The Revolt at Cincinnati, also known as the Cincinnati Coup and the Cincinnati Revolution, was a change in the National Rifle Association of America's (NRA) leadership and organizational policy that took place at the group's 1977 annual convention in Cincinnati, Ohio. Led by former NRA President Harlon Carter and Neal Knox, the movement ended the tenure of Maxwell Rich as NRA executive vice president and introduced new organizational bylaws. The Revolt at Cincinnati has been cited as a turning point in the NRA's history, marking a move away from "hunting, conservation, and marksmanship" and toward the defense of the right to bear arms.

Background
Until the early 1970s, the NRA was focused on marksmanship, environmental stewardship, and recreational events, with limited resources allocated to political lobbying. Following the passage of the 1968 Gun Control Act and the NRA's abstention from the Citizens Against Tydings campaign to unseat Joseph Tydings, a group led by Harlon Carter began advocating for a focus on the defense of gun ownership. Along with Neal Knox, editor of Rifle Magazine, Carter concentrated on winning the support of the NRA's Life Members ahead of the 1977 annual meeting. This membership class, consisting of over 2 million individuals, had voted along with existing leaders in the preceding annual conventions.

The revolt
At the Cincinnati convention, Carter and Knox led a grassroots movement with a focus on preventing the construction of an Outdoor Center in Colorado Springs and unseating the "Old Guard" leadership. The Outdoor Center would have served as new headquarters for the organization, while the Old Guard referred to the many leaders who had spent multiple decades in their positions. Members of the group wore orange hats and carried walkie-talkies on the floor of the convention. Carter's group succeeded in unseating members of the incumbent leadership, producing a subsequent removal of leadership members and a change in organizational focus.

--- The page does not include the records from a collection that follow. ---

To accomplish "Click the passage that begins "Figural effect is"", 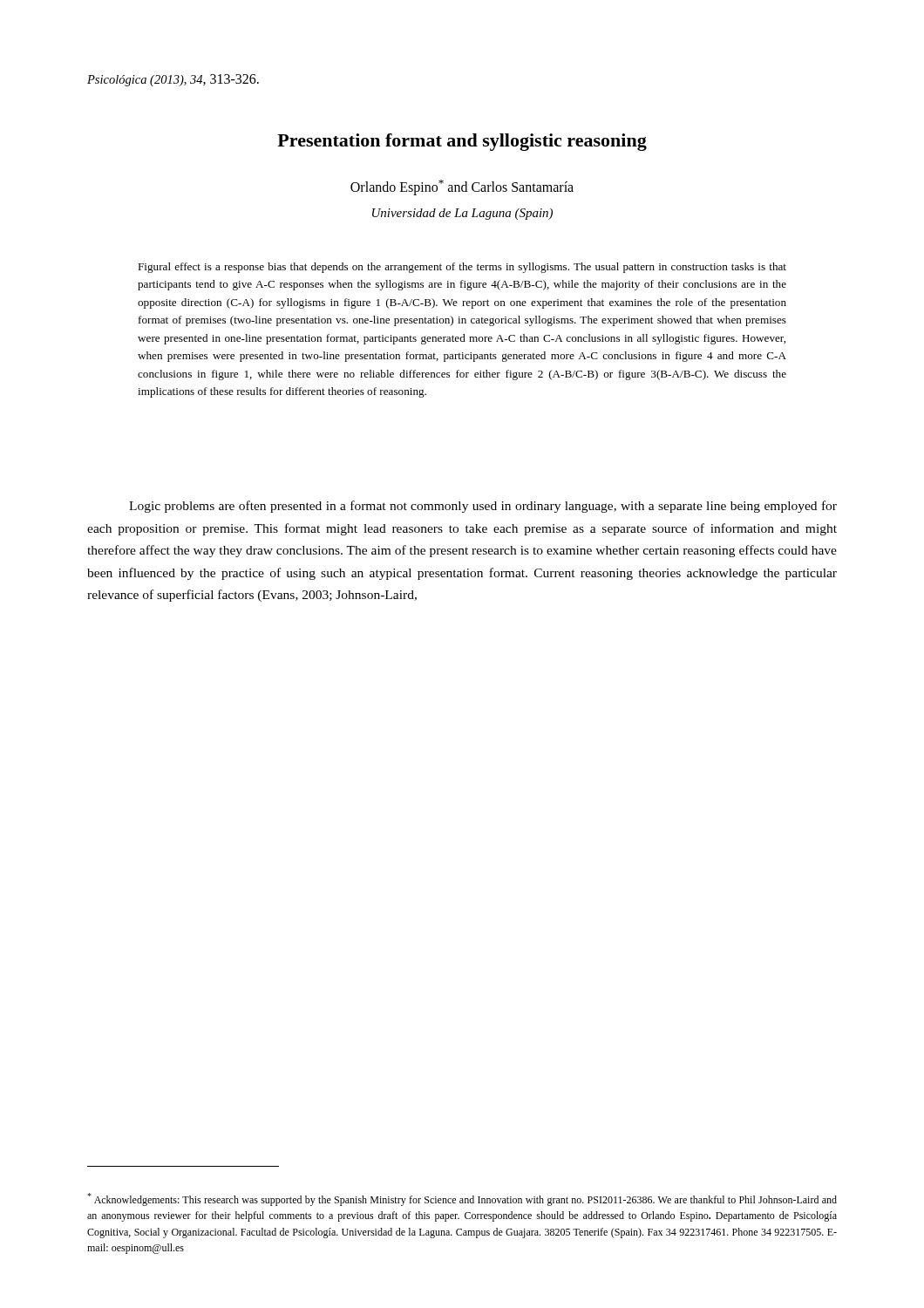I will 462,329.
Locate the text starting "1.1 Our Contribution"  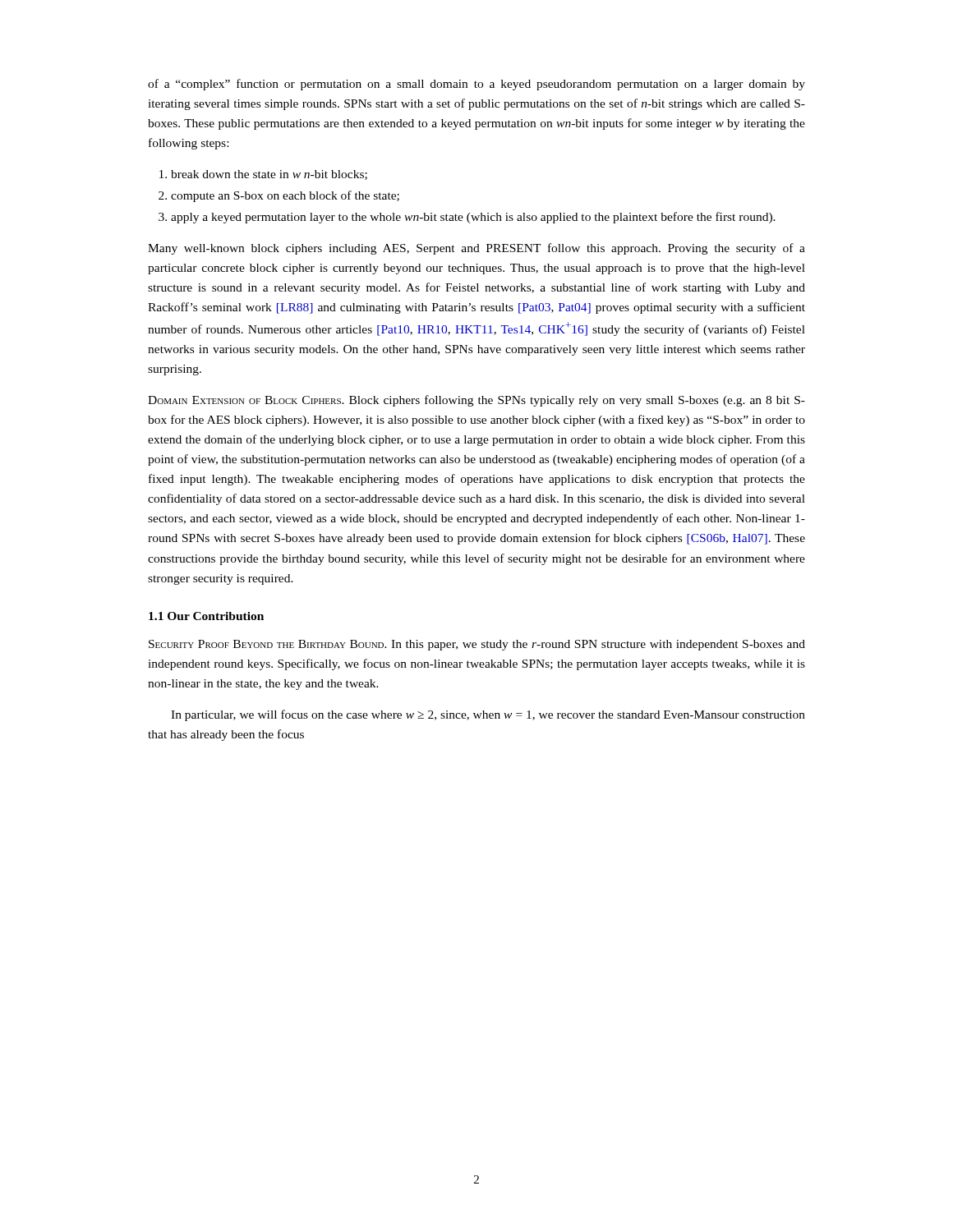(206, 616)
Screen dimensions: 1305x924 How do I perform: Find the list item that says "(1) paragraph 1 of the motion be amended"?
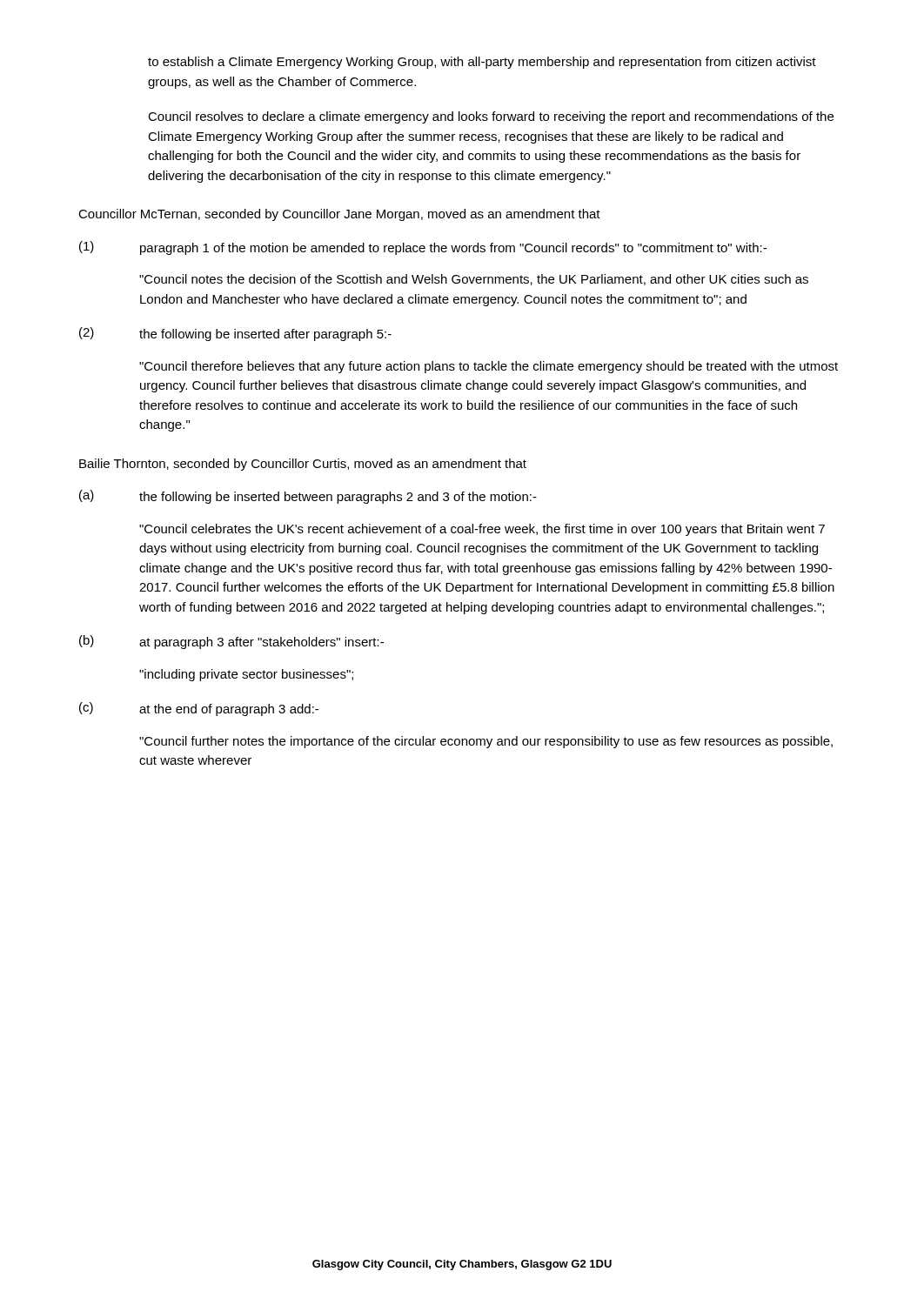462,248
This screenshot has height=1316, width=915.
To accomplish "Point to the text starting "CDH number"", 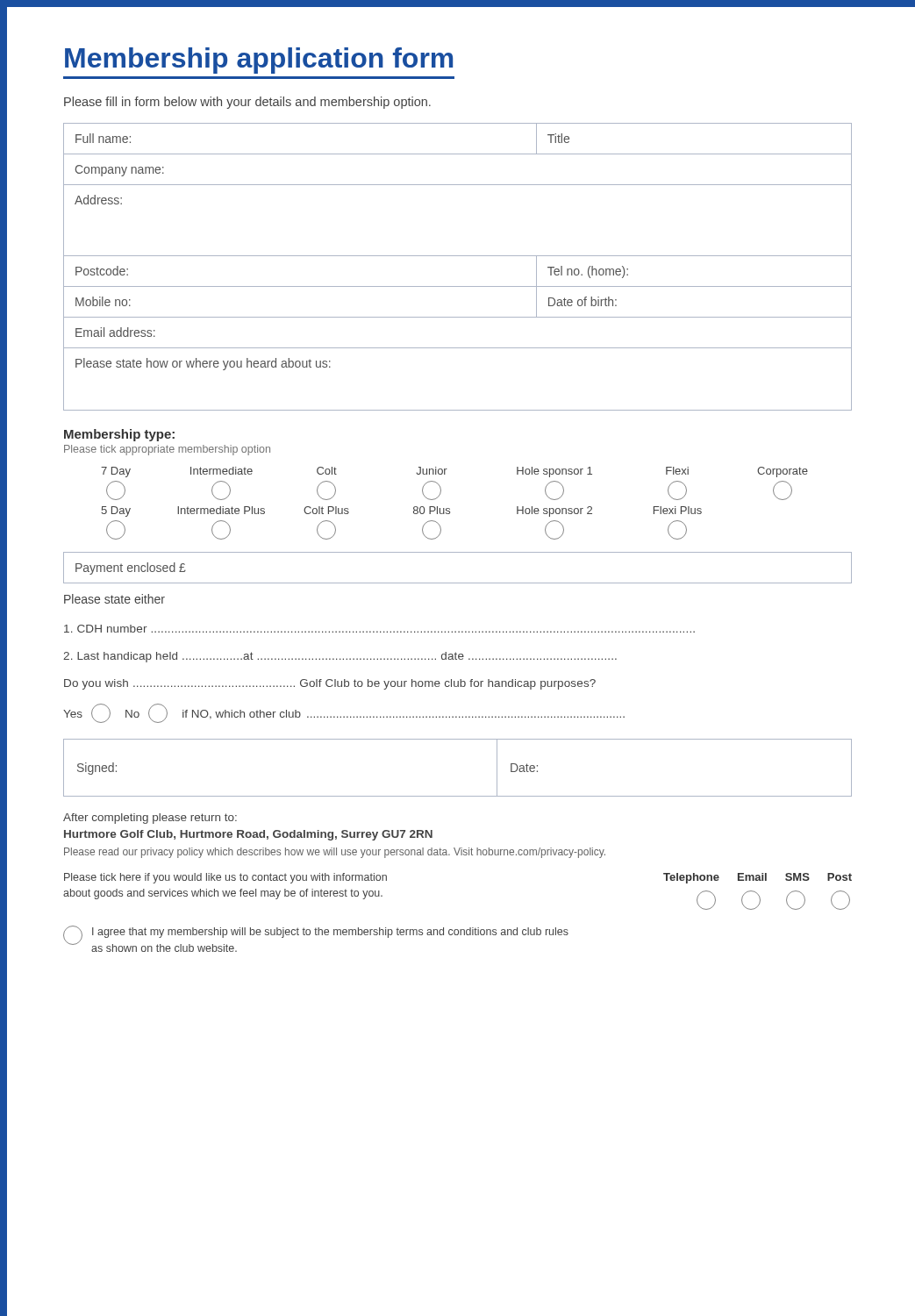I will click(458, 629).

Resulting leadership changes
Carter replaced Rich as executive vice president. The executive vice president position was changed to become a member-elected office. Knox was elected as head of the group's Institute for Legislative Action (NRA-ILA), with the position of vice president for finance, held by Thomas Billings, eliminated; the management committee of the organization, consisting of Merrill Right, Irvine Reynolds, and Alonzo Garcelon, was also eliminated.

Resulting organizational changes
Preceding the 1977 convention, the NRA's leadership had made plans to move the group's headquarters from Washington, D.C., to an Outdoor Center in Colorado Springs focused on conservation and recreational shooting. The new facility had an estimated cost of $30 million. The proposal for this Center was included as an item for discussion in the 1977 meeting, and was rejected following the change in leadership.

The new leadership increased funding for its lobbying arm, the Institute for Legislative Action (NRA-ILA) by an undisclosed amount. The NRA-ILA was given freedom to support the rights to "keep and bear arms". The NRA redefined its stance on gun control, defending protections provided by the Second Amendment. Moving away from prior support for "incremental forms of gun control regulation," new leadership made the "protection of gun rights the NRA's primary cause."